Jamien Sherwood

No. 44 – New York Jets
- Position: Linebacker
- Roster status: Active

Personal information
- Born: January 12, 2000 (age 26) Jensen Beach, Florida, U.S.
- Listed height: 6 ft 2 in (1.88 m)
- Listed weight: 216 lb (98 kg)

Career information
- High school: Jensen Beach
- College: Auburn (2018–2020)
- NFL draft: 2021: 5th round, 146th overall pick

Career history
- New York Jets (2021–present);

Awards and highlights
- NFL solo tackles leader (2024);

Career NFL statistics as of Week 2, 2026
- Total tackles: 399
- Sacks: 4.5
- Forced fumbles: 1
- Pass deflections: 13
- Stats at Pro Football Reference

= Jamien Sherwood =

American football player (born 2000)

Jamien Sherwood (born January 12, 2000) is an American professional football linebacker for the New York Jets of the National Football League (NFL). He played college football for the Auburn Tigers.

==Early life==
Sherwood attended Jensen Beach High School in Jensen Beach, Florida. He committed to Auburn University to play college football.

==College career==
Sherwood played in 13 games his true freshman season at Auburn in 2018 and recorded 23 tackles, one interception and 1.5 sacks. As a sophomore in 2019, he had 43 tackles in 13 games. As a junior in 2020, Sherwood became a starter for the first time. He finished the 2020 season with 75 tackles and one sack.

==Professional career==

Sherwood was selected in the fifth round (146th overall) of the 2021 NFL draft by the New York Jets. Sherwood started in his NFL debut in Week 1 against the Carolina Panthers. In Week 7, Sherwood suffered a torn Achilles and was placed on season-ending injured reserve on October 26, 2021. As a rookie, he started in four of the five games he played in. He finished with 15 total tackles.

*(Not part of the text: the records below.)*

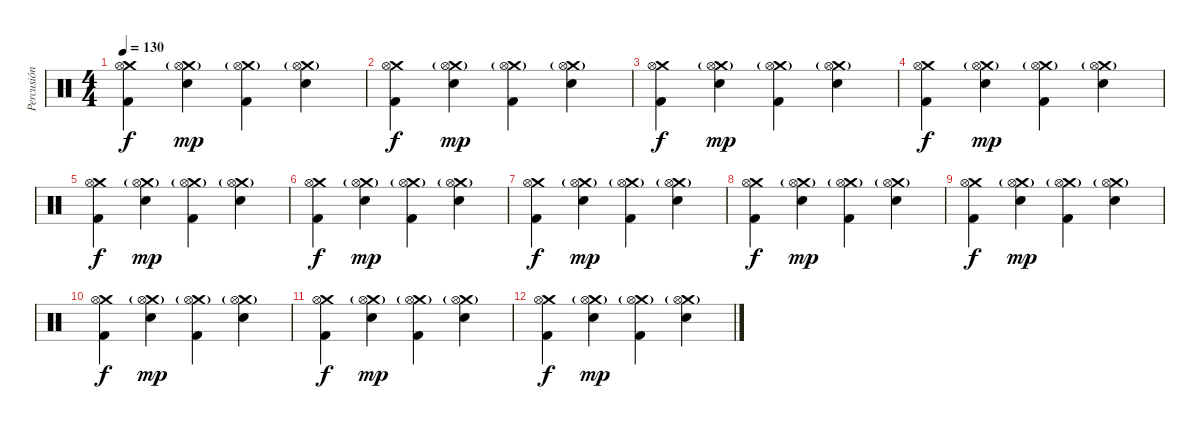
\track ("Percusión" "Percusión") {instrument percussion}
\staff {score}
\articulation defaults
\ts (4 4)
\tempo 130
\clef neutral
\ks c
("Crash medium (hit)" "Kick (hit) 2" "Hi-Hat (open)").4{dy f} ("Snare (hit) 2" "Crash medium (hit)"{g} "Hi-Hat (open)").4{dy mp} ("Kick (hit) 2" "Crash medium (hit)"{g} "Hi-Hat (open)").4 ("Snare (hit) 2" "Crash medium (hit)"{g} "Hi-Hat (open)").4 |
("Crash medium (hit)" "Kick (hit) 2" "Hi-Hat (open)").4{dy f} ("Snare (hit) 2" "Crash medium (hit)"{g} "Hi-Hat (open)").4{dy mp} ("Kick (hit) 2" "Crash medium (hit)"{g} "Hi-Hat (open)").4 ("Snare (hit) 2" "Crash medium (hit)"{g} "Hi-Hat (open)").4 |
("Crash medium (hit)" "Kick (hit) 2" "Hi-Hat (open)").4{dy f} ("Snare (hit) 2" "Crash medium (hit)"{g} "Hi-Hat (open)").4{dy mp} ("Kick (hit) 2" "Crash medium (hit)"{g} "Hi-Hat (open)").4 ("Snare (hit) 2" "Crash medium (hit)"{g} "Hi-Hat (open)").4 |
("Crash medium (hit)" "Kick (hit) 2" "Hi-Hat (open)").4{dy f} ("Snare (hit) 2" "Crash medium (hit)"{g} "Hi-Hat (open)").4{dy mp} ("Kick (hit) 2" "Crash medium (hit)"{g} "Hi-Hat (open)").4 ("Snare (hit) 2" "Crash medium (hit)"{g} "Hi-Hat (open)").4 |
("Crash medium (hit)" "Kick (hit) 2" "Hi-Hat (open)").4{dy f} ("Snare (hit) 2" "Crash medium (hit)"{g} "Hi-Hat (open)").4{dy mp} ("Kick (hit) 2" "Crash medium (hit)"{g} "Hi-Hat (open)").4 ("Snare (hit) 2" "Crash medium (hit)"{g} "Hi-Hat (open)").4 |
("Crash medium (hit)" "Kick (hit) 2" "Hi-Hat (open)").4{dy f} ("Snare (hit) 2" "Crash medium (hit)"{g} "Hi-Hat (open)").4{dy mp} ("Kick (hit) 2" "Crash medium (hit)"{g} "Hi-Hat (open)").4 ("Snare (hit) 2" "Crash medium (hit)"{g} "Hi-Hat (open)").4 |
("Crash medium (hit)" "Kick (hit) 2" "Hi-Hat (open)").4{dy f} ("Snare (hit) 2" "Crash medium (hit)"{g} "Hi-Hat (open)").4{dy mp} ("Kick (hit) 2" "Crash medium (hit)"{g} "Hi-Hat (open)").4 ("Snare (hit) 2" "Crash medium (hit)"{g} "Hi-Hat (open)").4 |
("Crash medium (hit)" "Kick (hit) 2" "Hi-Hat (open)").4{dy f} ("Snare (hit) 2" "Crash medium (hit)"{g} "Hi-Hat (open)").4{dy mp} ("Kick (hit) 2" "Crash medium (hit)"{g} "Hi-Hat (open)").4 ("Snare (hit) 2" "Crash medium (hit)"{g} "Hi-Hat (open)").4 |
("Crash medium (hit)" "Kick (hit) 2" "Hi-Hat (open)").4{dy f} ("Snare (hit) 2" "Crash medium (hit)"{g} "Hi-Hat (open)").4{dy mp} ("Kick (hit) 2" "Crash medium (hit)"{g} "Hi-Hat (open)").4 ("Snare (hit) 2" "Crash medium (hit)"{g} "Hi-Hat (open)").4 |
("Crash medium (hit)" "Kick (hit) 2" "Hi-Hat (open)").4{dy f} ("Snare (hit) 2" "Crash medium (hit)"{g} "Hi-Hat (open)").4{dy mp} ("Kick (hit) 2" "Crash medium (hit)"{g} "Hi-Hat (open)").4 ("Snare (hit) 2" "Crash medium (hit)"{g} "Hi-Hat (open)").4 |
("Crash medium (hit)" "Kick (hit) 2" "Hi-Hat (open)").4{dy f} ("Snare (hit) 2" "Crash medium (hit)"{g} "Hi-Hat (open)").4{dy mp} ("Kick (hit) 2" "Crash medium (hit)"{g} "Hi-Hat (open)").4 ("Snare (hit) 2" "Crash medium (hit)"{g} "Hi-Hat (open)").4 |
("Crash medium (hit)" "Kick (hit) 2" "Hi-Hat (open)").4{dy f} ("Snare (hit) 2" "Crash medium (hit)"{g} "Hi-Hat (open)").4{dy mp} ("Kick (hit) 2" "Crash medium (hit)"{g} "Hi-Hat (open)").4 ("Snare (hit) 2" "Crash medium (hit)"{g} "Hi-Hat (open)").4

Sherwood returned from his injury for the 2022 season. He appeared in all 17 games. He recorded 16 total tackles and mainly played special teams. In the 2023 season, he had 46 tackles, one pass defended, and one forced fumble in 17 games and three starts.

On March 12, 2025, Sherwood signed a three-year, $45 million contract extension with the Jets.

Pre-draft measurables
| Height | Weight | Arm length | Hand span | Wingspan | 40-yard dash | 10-yard split | 20-yard split | 20-yard shuttle | Three-cone drill | Vertical jump | Broad jump | Bench press |
| 6 ft 1+3⁄4 in (1.87 m) | 216 lb (98 kg) | 34 in (0.86 m) | 10 in (0.25 m) | 6 ft 9+7⁄8 in (2.08 m) | 4.74 s | 1.64 s | 2.82 s | 4.36 s | 7.15 s | 36.0 in (0.91 m) | 10 ft 3 in (3.12 m) | 15 reps |
All values from Pro Day

==NFL career statistics==

Legend
|  | Led the league |
| Bold | Career high |

===Regular season===

Year: Team; Games; Tackles; Interceptions; Fumbles
GP: GS; Cmb; Solo; Ast; Sck; TFL; Int; Yds; Avg; Lng; TD; PD; FF; Fmb; FR; Yds; TD
2021: NYJ; 5; 4; 15; 8; 7; 0.0; 0; 0; 0; 0.0; 0; 0; 0; 0; 0; 0; 0; 0
2022: NYJ; 17; 0; 16; 12; 4; 0.5; 1; 0; 0; 0.0; 0; 0; 0; 0; 0; 0; 0; 0
2023: NYJ; 17; 3; 46; 28; 18; 0.0; 3; 0; 0; 0.0; 0; 0; 1; 1; 0; 0; 0; 0
2024: NYJ; 17; 16; 158; 98; 60; 2.0; 10; 0; 0; 0.0; 0; 0; 3; 0; 0; 0; 0; 0
2025: NYJ; 17; 16; 154; 71; 83; 2.0; 8; 0; 0; 0.0; 0; 0; 8; 0; 0; 0; 0; 0
2026: NYJ; 2; 2; 10; 5; 5; 0.0; 1; 0; 0; 0.0; 0; 0; 1; 0; 0; 0; 0; 0
Career: 75; 41; 399; 222; 177; 4.5; 23; 0; 0; 0.0; 0; 0; 13; 1; 0; 0; 0; 0

==Personal life==

Sherwood and his girlfriend Megan Lauren are expecting a baby girl, due to arrive in May 2026.